Question

The moment of inertia of a rod about an axis through its centre and perpendicular to it is $\frac{1}{12} ML ^{2}$ (where $M$ is the mass and $L$, the length of the rod). The rod is bent in the middle so that the two halves make an angle of $60^{\circ}$. The moment of inertia of the bent rod about the same axis would be :

• A. $\frac{1}{48}ML^{2}$
• B. $\frac{1}{12}ML^{2}$
• C. $\frac{1}{24}ML^{2}$
• D. $\frac{ML^{2}}{8\sqrt{3}}$

Answer 1

Answer: (B)

$\frac{1}{12}ML^{2}$

Answer 2

Since, rod is bent at the middle, so each part of it will have same length $\left(\frac{ L }{2}\right)$ and mass $\left(\frac{ M }{2}\right)$ as shown.

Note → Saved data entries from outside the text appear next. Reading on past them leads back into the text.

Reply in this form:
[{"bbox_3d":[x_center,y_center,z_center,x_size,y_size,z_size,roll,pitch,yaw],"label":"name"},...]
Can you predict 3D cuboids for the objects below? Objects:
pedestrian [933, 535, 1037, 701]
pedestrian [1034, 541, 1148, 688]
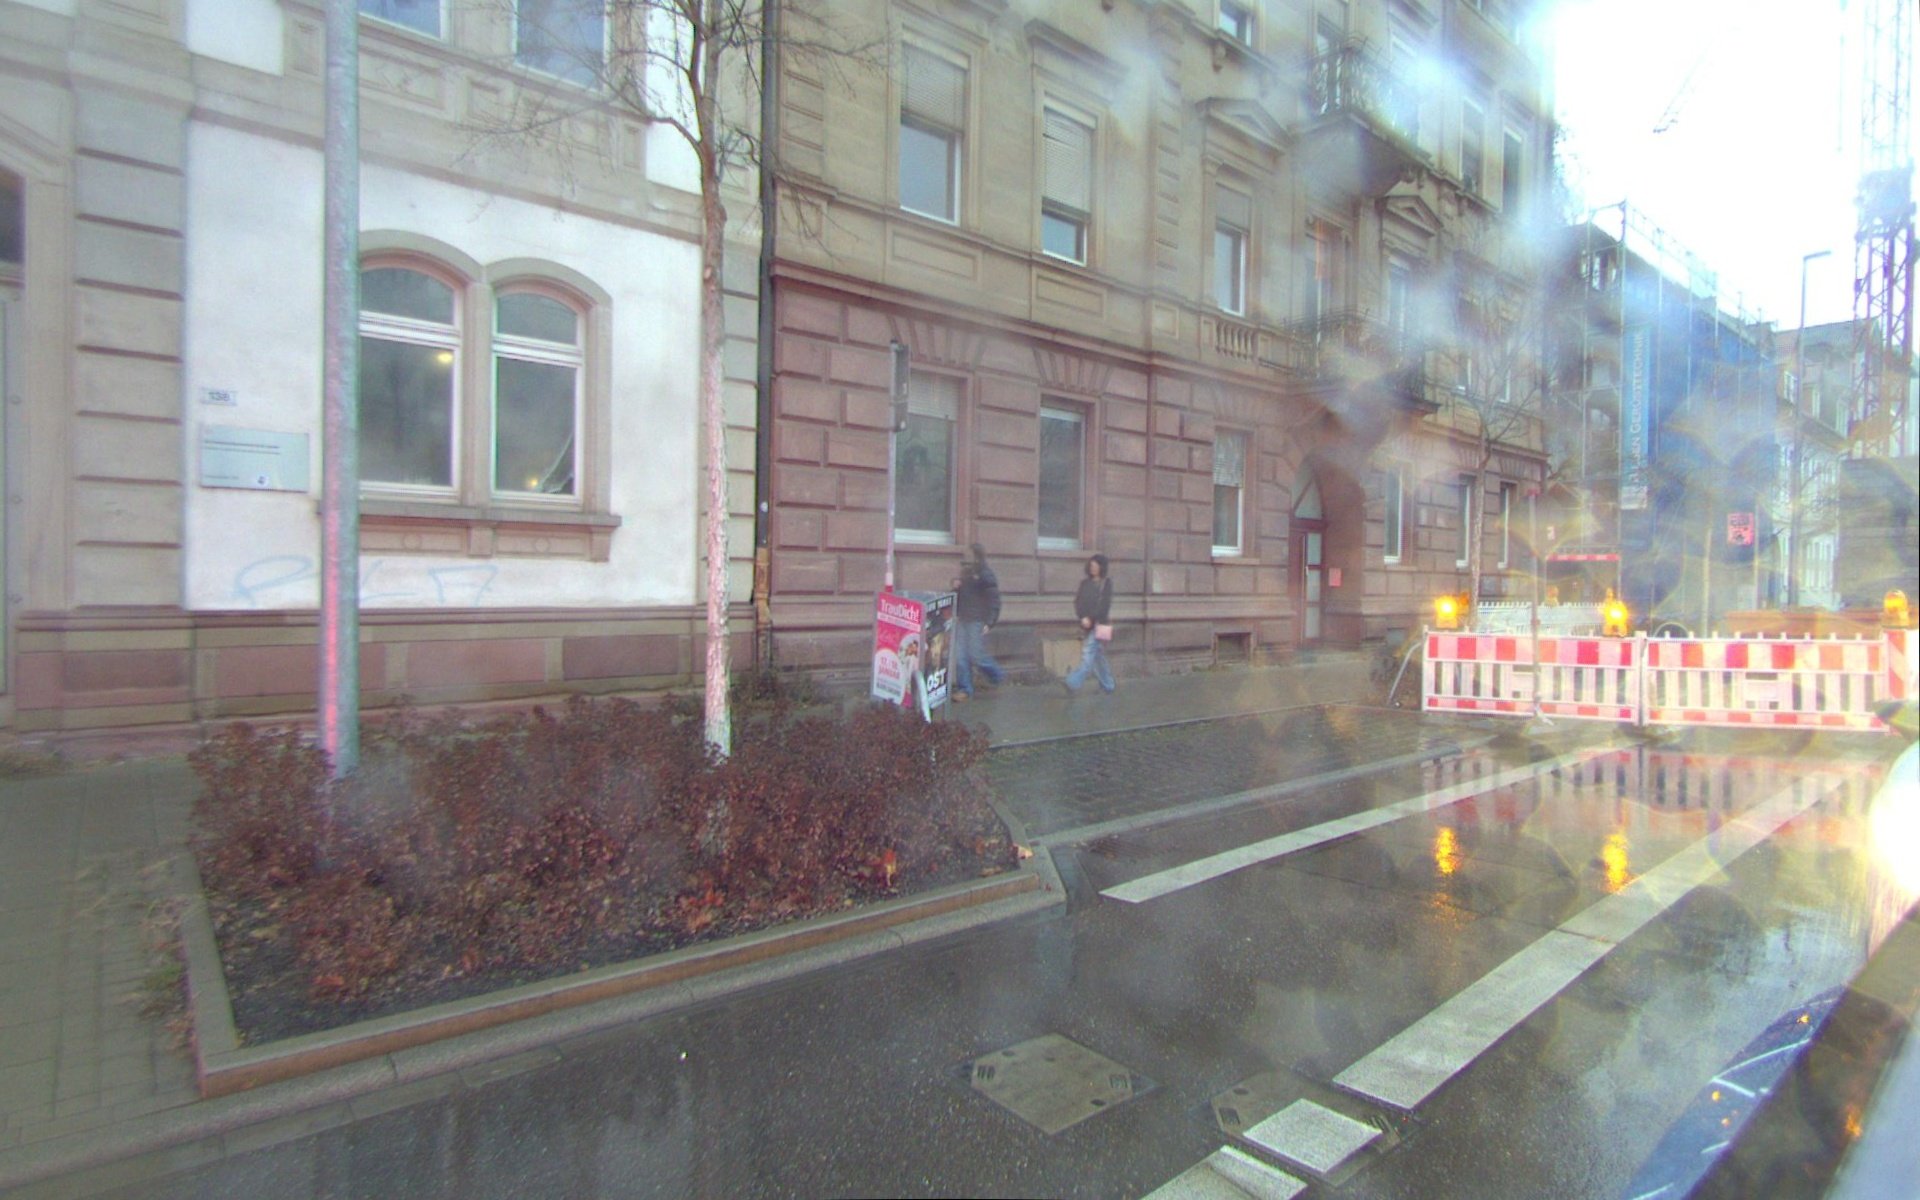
[{"bbox_3d":[0.257,0.165,10.849,0.694,1.693,0.870,0,1,-38],"label":"pedestrian"},{"bbox_3d":[1.474,0.141,11.401,0.913,1.564,0.870,0,2,-40],"label":"pedestrian"}]

Moment of inertia of each part through its one end $=\frac{1}{3}\left(\frac{ M }{2}\right)\left(\frac{ L }{2}\right)^{2}$ Hence, net moment of inertia through its middle point $O$ is $I =\frac{1}{3}\left(\frac{ M }{2}\right)\left(\frac{ L }{2}\right)^{2}+\frac{1}{3}\left(\frac{ M }{2}\right)\left(\frac{ L }{2}\right)^{2}$ $=\frac{1}{3}\left[\frac{ ML ^{2}}{8}+\frac{ ML ^{2}}{8}\right]=\frac{ ML ^{2}}{12}$